Monarch News – March 3, 2021

CEO’s Executive Summary:

Despite the welcome sight of new U.S. President Joseph R. Biden extolling the virtues of the U.S.-Mexico relationship in his March 1 bilateral meeting with Mexican President Andrés Manuel López Obrador (AMLO), the business climate in Mexico continues to deteriorate, largely due to the AMLO administration’s continued efforts to centralize power, undermine independent regulatory institutions, and promote a nationalist agenda that looks backward, not to the future. And while the recently concluded bilateral meetings were cordial, they were largely perfunctory. The Biden administration appears to be gently easing into its relationship with AMLO, careful not to push too hard or move to fast. This stands in contrast to the warmth and ambition reflected in the U.S.-Canada bilats a week earlier. And much of the problem rests squarely with Mexico itself.

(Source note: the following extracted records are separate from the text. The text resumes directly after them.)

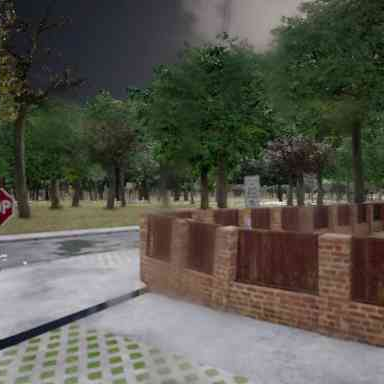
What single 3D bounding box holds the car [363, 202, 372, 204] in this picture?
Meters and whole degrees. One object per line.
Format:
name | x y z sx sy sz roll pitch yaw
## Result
car | 22.011 1.980 42.152 4.674 1.442 1.812 1 -1 -44
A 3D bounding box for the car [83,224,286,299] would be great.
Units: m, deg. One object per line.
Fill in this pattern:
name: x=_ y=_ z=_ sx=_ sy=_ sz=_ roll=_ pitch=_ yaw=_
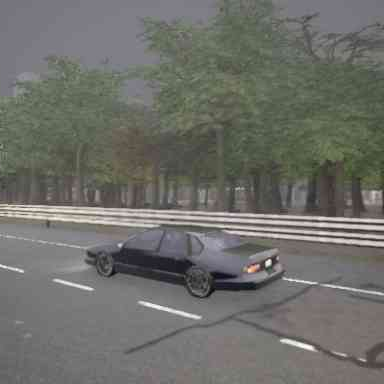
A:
car: x=-0.435 y=1.549 z=8.478 sx=5.357 sy=1.411 sz=2.033 roll=0 pitch=0 yaw=36
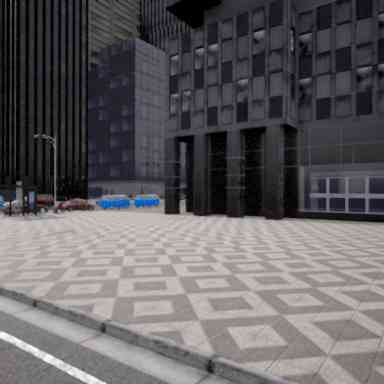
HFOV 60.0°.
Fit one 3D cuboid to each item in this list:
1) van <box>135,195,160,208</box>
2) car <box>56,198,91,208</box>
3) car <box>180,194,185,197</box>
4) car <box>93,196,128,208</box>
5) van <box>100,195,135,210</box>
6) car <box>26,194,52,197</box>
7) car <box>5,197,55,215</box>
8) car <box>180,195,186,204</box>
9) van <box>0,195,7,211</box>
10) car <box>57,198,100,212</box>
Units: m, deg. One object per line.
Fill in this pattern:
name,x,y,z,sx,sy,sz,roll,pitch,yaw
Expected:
van,-6.143,1.285,45.814,1.690,1.788,3.998,0,0,35
car,-16.382,1.492,46.131,1.802,1.307,4.206,0,0,35
car,-2.442,1.073,60.951,1.837,1.490,4.892,0,0,35
car,-11.713,1.398,48.087,1.882,1.535,5.008,0,0,36
van,-9.435,1.288,41.189,1.690,1.788,3.998,0,0,35
car,-19.673,1.229,41.504,2.192,1.841,5.009,0,0,35
car,-16.020,1.505,31.938,2.008,1.369,4.403,0,0,35
car,0.440,1.525,55.066,1.802,1.307,4.206,0,0,35
van,-22.966,1.259,36.879,1.690,1.788,3.998,0,0,35
car,-12.728,1.532,36.564,1.802,1.307,4.206,0,0,35
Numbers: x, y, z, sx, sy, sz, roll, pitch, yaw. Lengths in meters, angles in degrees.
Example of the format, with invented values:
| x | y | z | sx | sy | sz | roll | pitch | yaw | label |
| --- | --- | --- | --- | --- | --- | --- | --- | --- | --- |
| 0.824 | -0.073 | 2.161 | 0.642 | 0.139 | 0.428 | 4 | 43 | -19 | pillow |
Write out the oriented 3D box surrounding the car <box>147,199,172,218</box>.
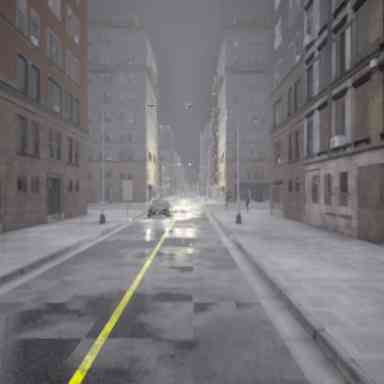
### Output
| x | y | z | sx | sy | sz | roll | pitch | yaw | label |
| --- | --- | --- | --- | --- | --- | --- | --- | --- | --- |
| -2.779 | 1.433 | 29.234 | 1.837 | 1.490 | 4.892 | 0 | 0 | 1 | car |

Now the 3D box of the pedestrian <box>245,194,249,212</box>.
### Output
| x | y | z | sx | sy | sz | roll | pitch | yaw | label |
| --- | --- | --- | --- | --- | --- | --- | --- | --- | --- |
| 5.515 | 1.059 | 33.333 | 0.375 | 1.860 | 0.375 | 0 | 0 | 0 | pedestrian |

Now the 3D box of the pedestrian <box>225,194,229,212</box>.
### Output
| x | y | z | sx | sy | sz | roll | pitch | yaw | label |
| --- | --- | --- | --- | --- | --- | --- | --- | --- | --- |
| 3.515 | 1.057 | 33.934 | 0.375 | 1.860 | 0.375 | 0 | 0 | 0 | pedestrian |
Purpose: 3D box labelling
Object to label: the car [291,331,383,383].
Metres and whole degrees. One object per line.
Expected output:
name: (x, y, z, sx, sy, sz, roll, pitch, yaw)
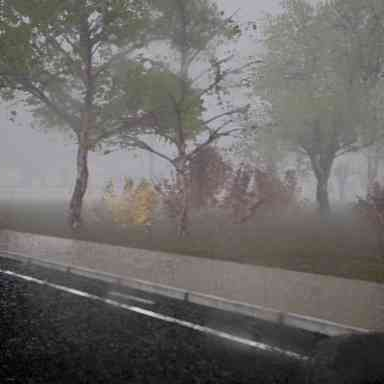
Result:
car: (2.612, 1.569, 1.823, 4.181, 1.385, 1.994, 0, 0, 35)
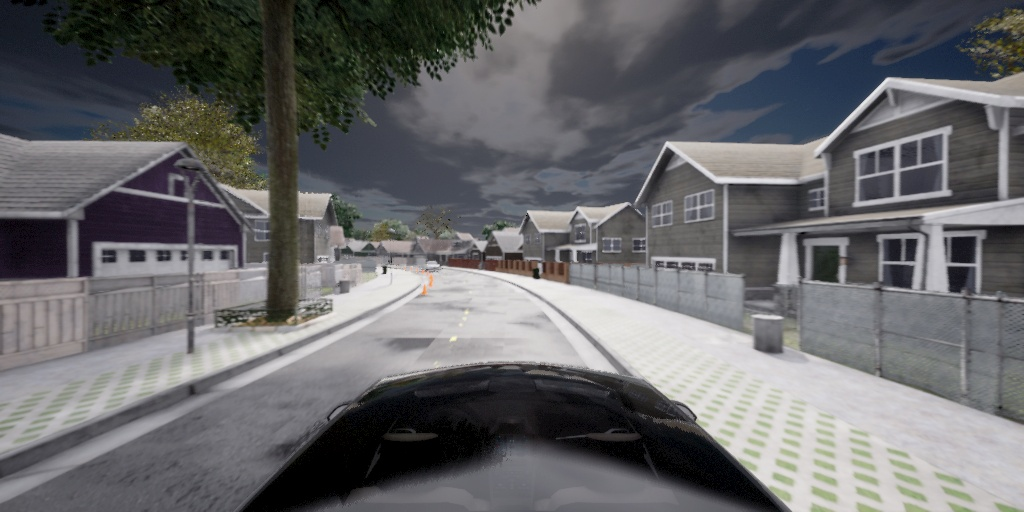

The recent winter storms that brought down Texas’s electrical grid highlight that there has never been a more important or urgent time for cooperation and integration between the U.S. and Mexico, yet forces in Mexico continue to move in the exact opposite direction. A new Electricity Law, for example, aims to shore up the Federal Electricity Commission (CFE) as the dominant player in Mexico’s electric power sector. The new law would damage the interests of private energy producers and weaken the country’s capacity to meet its energy needs with low-cost, clean electricity. It also could be unconstitutional, and it appears to contravene provisions of several Mexican trade agreements, including the United States-Mexico-Canada Agreement (USMCA), opening the door to bilateral conflict.

U.S.-Mexico relations are also poised for conflict in security matters, where the fallout from the November 2020 arrest of Mexican General Salvador Cienfuegos has driven the security relationship to its lowest point since the 1980s. The USMCA’s labor provisions could also be a point of bilateral contention.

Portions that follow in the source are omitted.